Securing basic medical needs, especially as a disabled person, can make life near impossible, he says. Accommodation is often inadequate - including pop-up tents, converted shipping containers known as ISO boxes, and other makeshift shelters - and difficult for medical practitioners to access. Refugees are forced to find their way to hospitals and clinics on their own.
“If you [have to] visit the hospital, not all refugees have a translator and the doctors speak English, but not all refugees speak English,” says Sami. Unable to communicate what the problem is, many refugees, especially those with special needs, often leave empty-handed.
“Sometimes, here in Greece, you feel bad. You are random. Life is random here,” he says of the daily struggle. Being on the Agitos refugee Paralympic fencing team does not mean he gets special treatment either. After nearly three years in Greece, he is still waiting on surgery for his crippled leg.
For a system that is already heavily burdened by its own citizens and regularly under-staffed, the addition of potentially thousands more people in need could have major implications. With this new reality, humanitarian aid organisations across Greece are scrambling for solutions.

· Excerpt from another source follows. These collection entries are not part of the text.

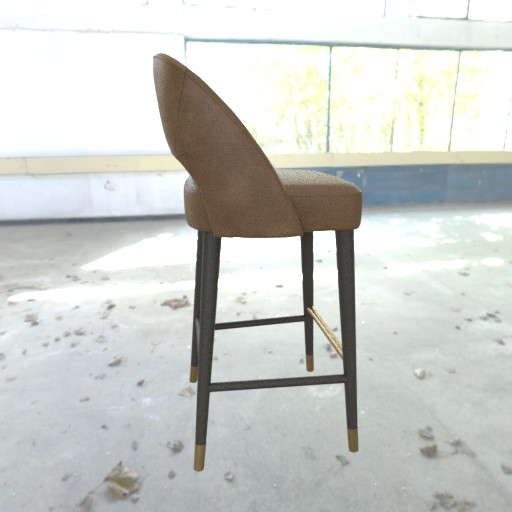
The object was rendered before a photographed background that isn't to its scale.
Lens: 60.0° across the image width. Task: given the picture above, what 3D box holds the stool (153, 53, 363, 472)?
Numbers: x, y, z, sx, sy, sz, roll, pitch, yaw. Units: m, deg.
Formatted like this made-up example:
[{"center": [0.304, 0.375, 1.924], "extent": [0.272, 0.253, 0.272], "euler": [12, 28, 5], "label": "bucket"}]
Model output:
[{"center": [0.000, 0.000, 1.261], "extent": [0.509, 1.037, 0.494], "euler": [-3, 17, -9], "label": "stool"}]

Boris Cheshirkov, a UNHCR communications officer, says: “We are continuously advocating with the state for inclusion of refugees with disabilities in the national policies and making it easier for them to access specialised services."
This includes, he continues, “the systematic integration of asylum seekers and refugees with disabilities into the national disability and mental health systems”.
In response to a growing emergency, medical programmes that specifically target refugees with physical disabilities have slowly appeared across Greece. Most, however, are short-lived due to funding issues.
Hardship for Greeks
Refugees with disabilities aren’t the only ones struggling in Greece. Many Greeks in need face the same problems.
Athenian Dimitris Degleris lost movement in both of his legs after a motorcycle accident in 2004. “The same way it’s tragic in the hospitals, it’s tragic on the road. You can’t go anywhere. We have laws, but there’s no implementation.”
Yet it’s not only the infrastructure and medical services that need upgrading in Greece, says Degleris. Social stigmas about physical and mental disabilities need to change as well.
“There is a stigma because people are not used to seeing these people (people with disabilities),” he says. “It’s how you raise people and give them the idea of what society is and what’s normal.”
Although Sami struggles with similar day-to-day issues as Degleris when it comes to navigating Greece's healthcare system, his approach is different.
Whereas Degleris strives to take part in public life to remind others that people with disabilities exist, Sami shies away, keeping even his social media feed as disability-free as possible.
This is because, as he explains, “I have not changed their view of this through the many things that I have done.”
Despite this, Sami remains positive.
“I’m proud of every day that I live and I do not have time to think about negative things. I realised that there is a power in me, that I can do many things, and that self-confidence is not in the body, but in the heart of every person."